Role Overview:
We are seeking a highly skilled Cloud Data Engineer to design, build, and optimize data pipelines, AI-driven solutions, and cloud-based architectures. This role is ideal for individuals with strong logical and analytical thinking skills and hands-on experience with ETL processes, dashboards, and data engineering using PySpark. This is an exciting opportunity to work on Generative AI innovations and AWS native technologies in a hybrid work environment.
Key Responsibilities:
1. Data Pipeline and ETL Development:
- Build, optimize, and manage ETL pipelines using PySpark and AWS Glue for large-scale data processing.
- Design robust data workflows for processing structured and unstructured data.

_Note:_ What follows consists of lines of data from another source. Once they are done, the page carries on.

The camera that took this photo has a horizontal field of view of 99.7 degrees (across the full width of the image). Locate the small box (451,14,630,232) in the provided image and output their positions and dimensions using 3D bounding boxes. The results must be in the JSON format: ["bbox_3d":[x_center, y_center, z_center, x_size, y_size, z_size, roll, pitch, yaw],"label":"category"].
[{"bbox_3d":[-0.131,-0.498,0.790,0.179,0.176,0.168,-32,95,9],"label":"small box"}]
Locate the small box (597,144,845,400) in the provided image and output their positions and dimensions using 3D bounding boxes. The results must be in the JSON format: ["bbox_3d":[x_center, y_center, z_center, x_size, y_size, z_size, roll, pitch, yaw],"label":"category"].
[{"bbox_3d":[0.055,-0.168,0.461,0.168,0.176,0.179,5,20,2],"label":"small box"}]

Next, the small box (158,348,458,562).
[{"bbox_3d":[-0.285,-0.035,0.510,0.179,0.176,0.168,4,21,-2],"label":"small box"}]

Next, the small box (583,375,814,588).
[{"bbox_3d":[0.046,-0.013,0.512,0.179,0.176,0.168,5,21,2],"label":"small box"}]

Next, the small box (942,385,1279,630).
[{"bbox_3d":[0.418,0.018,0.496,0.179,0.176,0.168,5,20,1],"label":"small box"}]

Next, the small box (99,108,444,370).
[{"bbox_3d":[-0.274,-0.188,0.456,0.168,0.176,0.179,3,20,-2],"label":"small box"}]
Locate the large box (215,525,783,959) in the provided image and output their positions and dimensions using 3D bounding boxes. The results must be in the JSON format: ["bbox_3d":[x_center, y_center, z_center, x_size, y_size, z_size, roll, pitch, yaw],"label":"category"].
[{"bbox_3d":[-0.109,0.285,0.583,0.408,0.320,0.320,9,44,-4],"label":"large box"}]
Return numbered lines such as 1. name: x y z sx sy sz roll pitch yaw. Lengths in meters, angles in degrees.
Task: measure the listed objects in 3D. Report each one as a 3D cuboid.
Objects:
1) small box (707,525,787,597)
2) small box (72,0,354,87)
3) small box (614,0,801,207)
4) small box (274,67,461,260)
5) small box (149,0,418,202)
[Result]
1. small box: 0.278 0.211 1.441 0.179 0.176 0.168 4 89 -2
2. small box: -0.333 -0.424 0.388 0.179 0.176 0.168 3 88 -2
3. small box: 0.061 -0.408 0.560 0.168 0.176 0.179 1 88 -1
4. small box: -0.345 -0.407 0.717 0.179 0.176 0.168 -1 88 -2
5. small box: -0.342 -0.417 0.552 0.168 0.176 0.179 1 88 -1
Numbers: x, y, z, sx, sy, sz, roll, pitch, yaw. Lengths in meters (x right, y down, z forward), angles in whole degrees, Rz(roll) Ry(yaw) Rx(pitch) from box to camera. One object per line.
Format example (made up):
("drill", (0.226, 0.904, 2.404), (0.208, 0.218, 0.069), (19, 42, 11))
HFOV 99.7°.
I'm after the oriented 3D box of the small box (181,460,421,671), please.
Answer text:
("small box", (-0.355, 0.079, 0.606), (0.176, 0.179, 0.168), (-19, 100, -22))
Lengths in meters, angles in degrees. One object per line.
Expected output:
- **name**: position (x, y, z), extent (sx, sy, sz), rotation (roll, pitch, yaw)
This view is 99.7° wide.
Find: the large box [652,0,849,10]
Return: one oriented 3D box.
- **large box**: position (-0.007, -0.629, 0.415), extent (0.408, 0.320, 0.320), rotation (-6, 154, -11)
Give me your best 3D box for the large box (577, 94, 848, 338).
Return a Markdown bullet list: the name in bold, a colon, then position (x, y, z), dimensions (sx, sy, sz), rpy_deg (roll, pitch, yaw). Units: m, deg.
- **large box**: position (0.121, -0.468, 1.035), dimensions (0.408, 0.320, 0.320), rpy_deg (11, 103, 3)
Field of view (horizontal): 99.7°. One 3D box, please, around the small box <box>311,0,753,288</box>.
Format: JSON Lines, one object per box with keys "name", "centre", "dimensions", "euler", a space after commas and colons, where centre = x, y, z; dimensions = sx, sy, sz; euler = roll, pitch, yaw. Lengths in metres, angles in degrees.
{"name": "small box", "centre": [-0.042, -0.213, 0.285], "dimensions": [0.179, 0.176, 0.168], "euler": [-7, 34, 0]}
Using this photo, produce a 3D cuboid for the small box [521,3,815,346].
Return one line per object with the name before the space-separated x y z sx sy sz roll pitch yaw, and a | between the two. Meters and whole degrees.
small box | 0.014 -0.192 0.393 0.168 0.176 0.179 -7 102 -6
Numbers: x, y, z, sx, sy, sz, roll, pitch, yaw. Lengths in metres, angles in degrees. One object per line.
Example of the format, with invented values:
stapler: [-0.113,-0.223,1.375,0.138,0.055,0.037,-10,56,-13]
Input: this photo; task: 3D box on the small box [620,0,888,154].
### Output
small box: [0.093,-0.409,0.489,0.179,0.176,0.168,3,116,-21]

- Ensure data integrity and security in all stages of processing.
2.Dashboard and Data Visualization for Data engineer:
- Design and develop dashboards using tools like AWS QuickSight, Tableau, or Power BI.
- Collaborate with stakeholders to create insightful visualizations for data-driven decision-making.
3. AI/ML Model Development and Deployment:
- Develop, deploy, and maintain AI/ML models using frameworks such as TensorFlow, PyTorch, or Scikit-learn.
- Implement models on cloud platforms using AWS SageMaker and automate model training and deployment pipelines.
4. Cloud Infrastructure and Data Management:
- Architect and deploy scalable data solutions using AWS services like Redshift, EMR, and S3.
- Use Infrastructure as Code tools (e.g., Terraform, AWS CDK, or CloudFormation) to automate deployments.
5. Performance Optimization:
- Optimize ETL pipelines, AI models, and data queries for performance, cost-efficiency, and scalability.
- Monitor data workflows and resolve bottlenecks proactively.
6. Explore AWS and Generative AI Innovations:
- Gain hands-on experience with Generative AI tools and frameworks to create innovative data and AI solutions.
- Experiment with the latest AWS native technologies to enhance data pipelines and AI projects.
Requirements:
- Education: Bachelor's degree in Computer Science, Data Science, Engineering, or a related field. Equivalent practical experience will also be considered.
- Hands-on experience with ETL pipelines using PySpark and data transformation tools like AWS Glue.
- Proficiency in building interactive dashboards with tools like Tableau, AWS QuickSight, or Power BI.
- Strong programming skills in Python (preferred) or other languages for data processing and AI/ML development.
- Familiarity with cloud platforms (AWS preferred) and services like S3, Redshift, and SageMaker.
- Strong logical and analytical thinking skills for solving complex data problems.
- Knowledge of SQL and database management systems.
Preferred Skills:
- Relevant AWS Certifications (e.g., AWS Certified Data Analytics, AWS Certified Machine Learning) are a strong plus.
- Senior candidates (4+ years) should demonstrate expertise in PySpark, dashboard development, large-scale data processing, and AI/ML model deployment.
- Familiarity with monitoring tools for data pipelines and AI workflows.
- Strong communication skills for collaborating across teams and presenting data insights.